EXERCISE AIM — From the entries that follow, report every line in which "with" occurs.

MATERIAL FOR THE TASK —
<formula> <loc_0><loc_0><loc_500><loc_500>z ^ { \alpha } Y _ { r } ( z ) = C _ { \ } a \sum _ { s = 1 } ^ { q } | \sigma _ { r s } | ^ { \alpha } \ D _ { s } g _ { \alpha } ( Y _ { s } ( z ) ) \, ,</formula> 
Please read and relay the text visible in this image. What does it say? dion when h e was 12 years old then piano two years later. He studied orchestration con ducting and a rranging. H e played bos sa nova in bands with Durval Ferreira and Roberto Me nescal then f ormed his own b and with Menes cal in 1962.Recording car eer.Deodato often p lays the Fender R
==
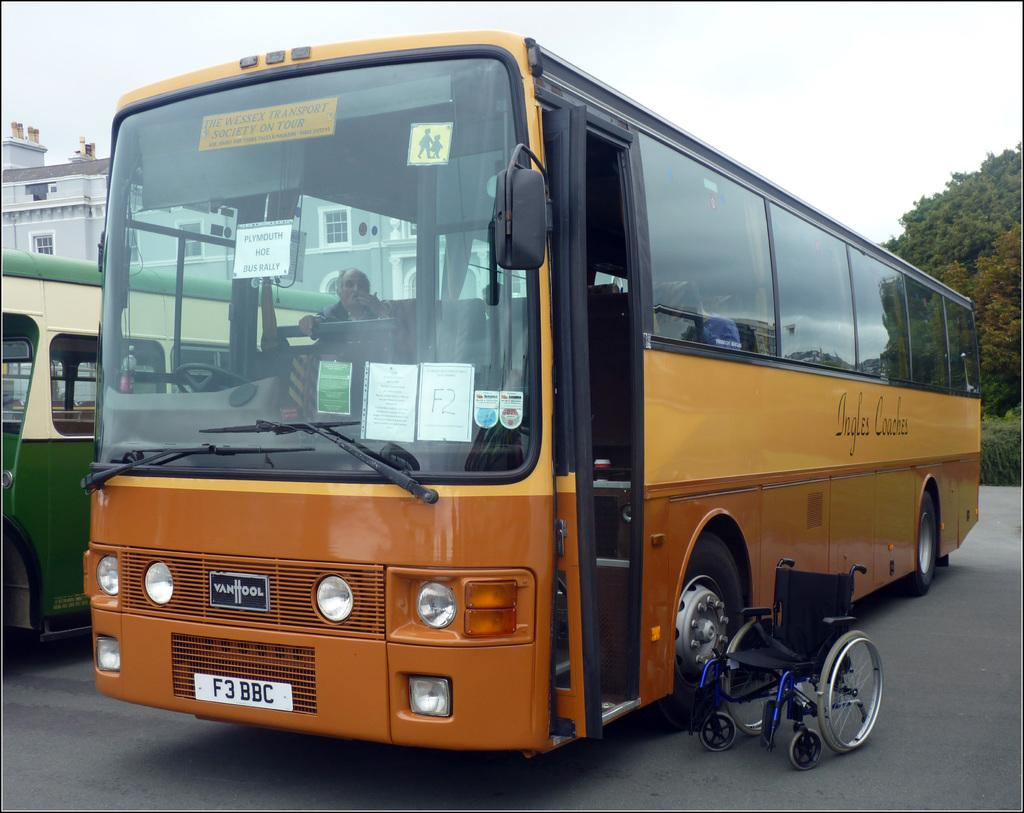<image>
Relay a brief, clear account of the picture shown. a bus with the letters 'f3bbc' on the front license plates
==
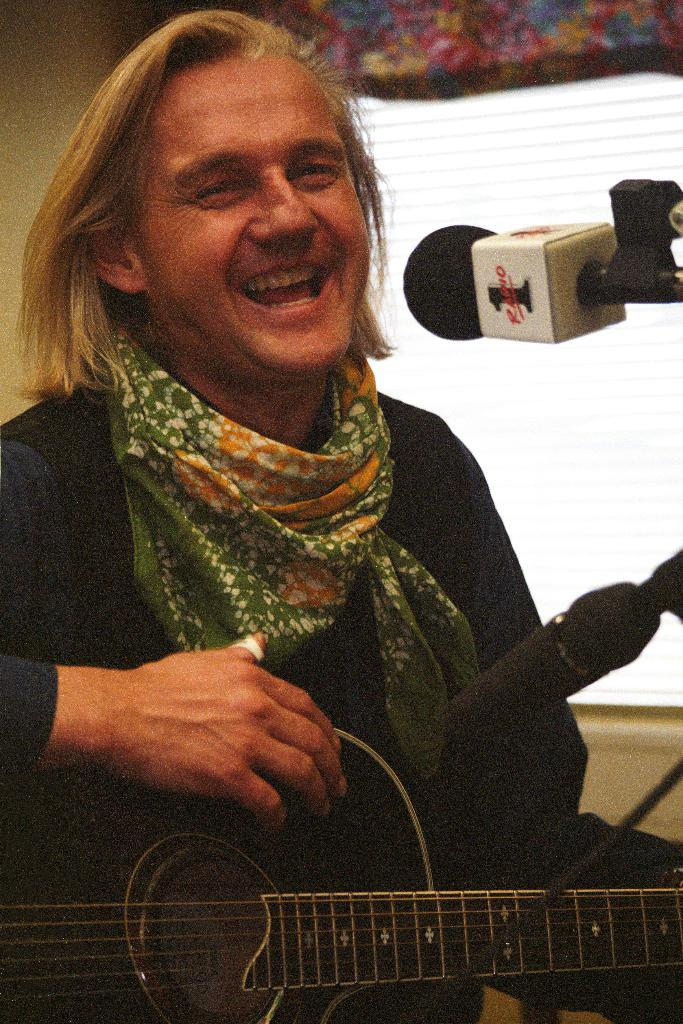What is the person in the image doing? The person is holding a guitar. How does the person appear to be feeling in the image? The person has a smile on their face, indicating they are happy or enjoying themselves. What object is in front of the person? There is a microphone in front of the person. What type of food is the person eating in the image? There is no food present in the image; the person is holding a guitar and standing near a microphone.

RESPONSE AREA —
Please read and relay the text visible in this image. What does it say? dion when h e was 12 years old then piano two years later. He studied orchestration con ducting and a rranging. H e played bos sa nova in bands with Durval Ferreira and Roberto Me nescal then f ormed his own b and with Menes cal in 1962.Recording car eer.Deodato often p lays the Fender R
Relay a brief, clear account of the picture shown. a bus with the letters 'f3bbc' on the front license plates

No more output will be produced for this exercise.